You can use the codepoints functions to convert letters to numbers and numbers to letters. For example to generate a list of all the letters from a to z you can write the following XQuery:

let $number-for-a := string-to-codepoints('a')
let $number-for-z := string-to-codepoints('z')
for $letter in ($number-for-a to $number-for-z)
return
  codepoints-to-string($letter)

This will return a sequence of the following:

  ('a', 'b', 'c', 'd', 'e', 'f', 'g', 'h', 'i', 'j', 'k', 'l', 'm', 'n', 'o', 'p', 'q', 'r', 's', 't', 'u', 'v', 'w', 'x', 'y', 'z')


Execute

Creating Letter Collections[edit]

You can also use this to create a list of subcollections:

let $data-collection := '/db/apps/terms/data'
let $number-for-a := string-to-codepoints('a')
let $number-for-z := string-to-codepoints('z')
for $letter in ($number-for-a to $number-for-z)
  return
     xmldb:create-collection($data-collection, codepoints-to-string($letter) )

This process is very common way to store related files in subcollections.

Counting Items[edit]

It is very common to need to count your items as you go through them. You can do this by adding the "at $count" to your FLWOR loop:

for $item at $count in $sequence
return
  <item>
     <count>{$count}</count>
     {if ($count mod 2) then <odd/> else <even/>}
  </item>

Note that the modulo (divide by) function:

 ($count mod 2)

returns 1 for odd numbers, which gets converted to true(), and zero for even numbers, which gets converted to false. You can use this technique to make alternating rows of tables different colors.

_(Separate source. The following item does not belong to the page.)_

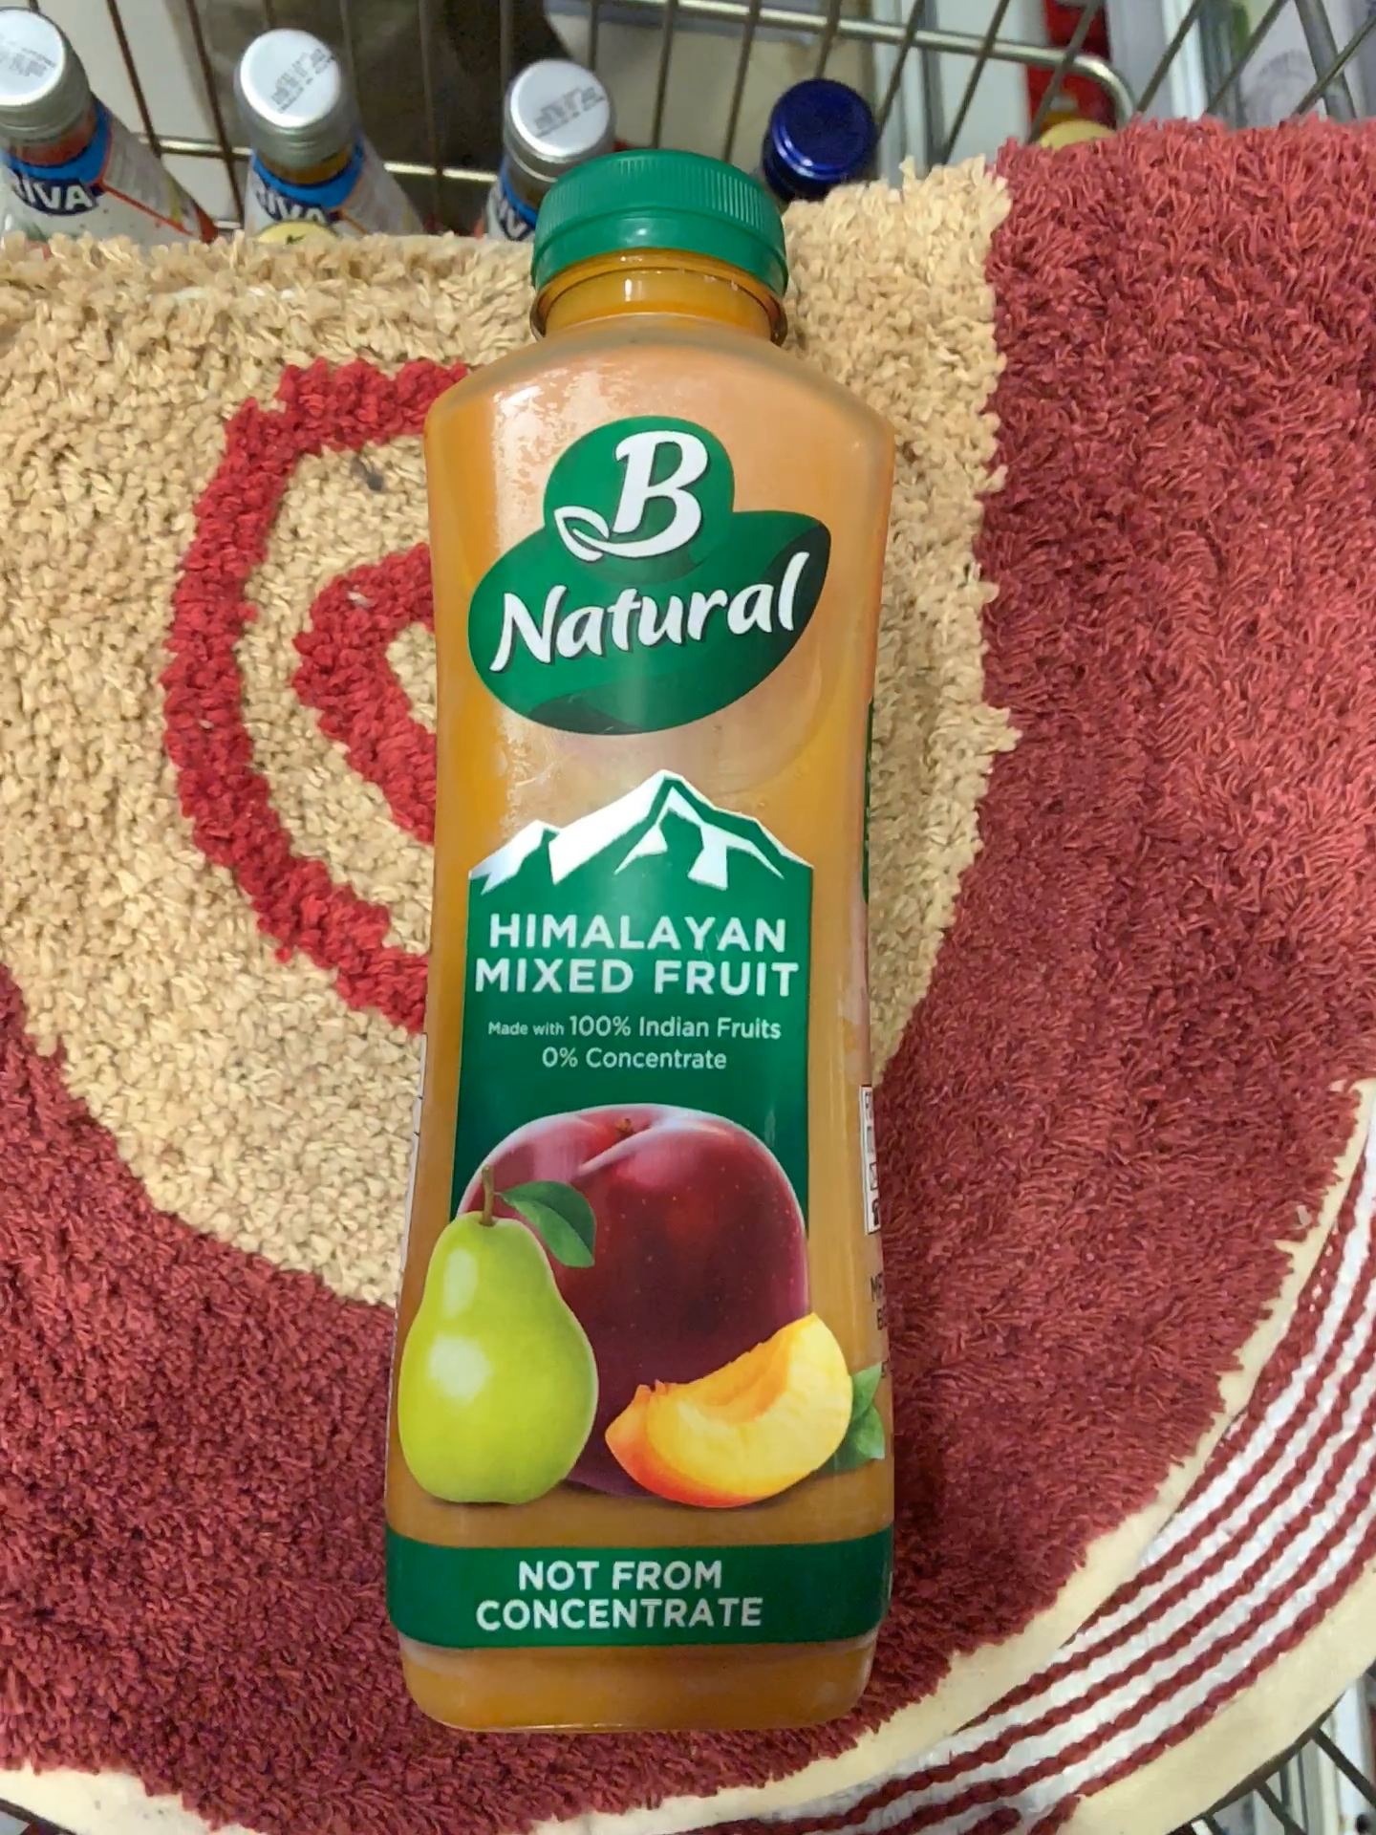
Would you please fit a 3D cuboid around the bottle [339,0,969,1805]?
[{"bbox_3d":[-0.003,-0.010,0.211,0.070,0.070,0.230,2,81,-4],"label":"bottle"}]

Converting Sequences to a String[edit]

On of the most common things we do with a string is to convert it to a single string for display. And we frequently want to put a separator string between the values but not after the final value. XQuery includes a very handy function for this called string-join. The format is:

  string-join($input-sequence as item()*, $seperator-string as xs:string) as xs:string

For example the output of:

 let $sequence := ('a', 'b', 'c')
 return string-join($sequence, '--')

would be:

 a--b--c

Note that there is no "--" after the last string. The separator is only used between the items of a sequence.

Combining Sequence Operations[edit]

It is very common to need to "chain" sequence operations in a linear sequence of steps. For example if you wanted to sort a list of sequences and then select the first 10 items your query might look like the following:

(: this gets a list of names items from the input :)
let $input-sequence := doc('/db/apps/items-manager/data')//item/name/text()
 
let $sorted-items :=
  for $item in $input-sequence
    order by $item
    return $item
return
<ol>{
for $item at $count subsequence($sorted-items, 1, 10)
return
  <li>       (: this puts an even or odd class attribute in the li :)
     {$name }{if ($count mod 2) then attribute class {'odd'} else attribute class {'even'}}
  </li>
}</ol>

This technique can be used to paginate results for search results so that users see the first 10 results of a search. A control can then be used to get the next N items from the search result.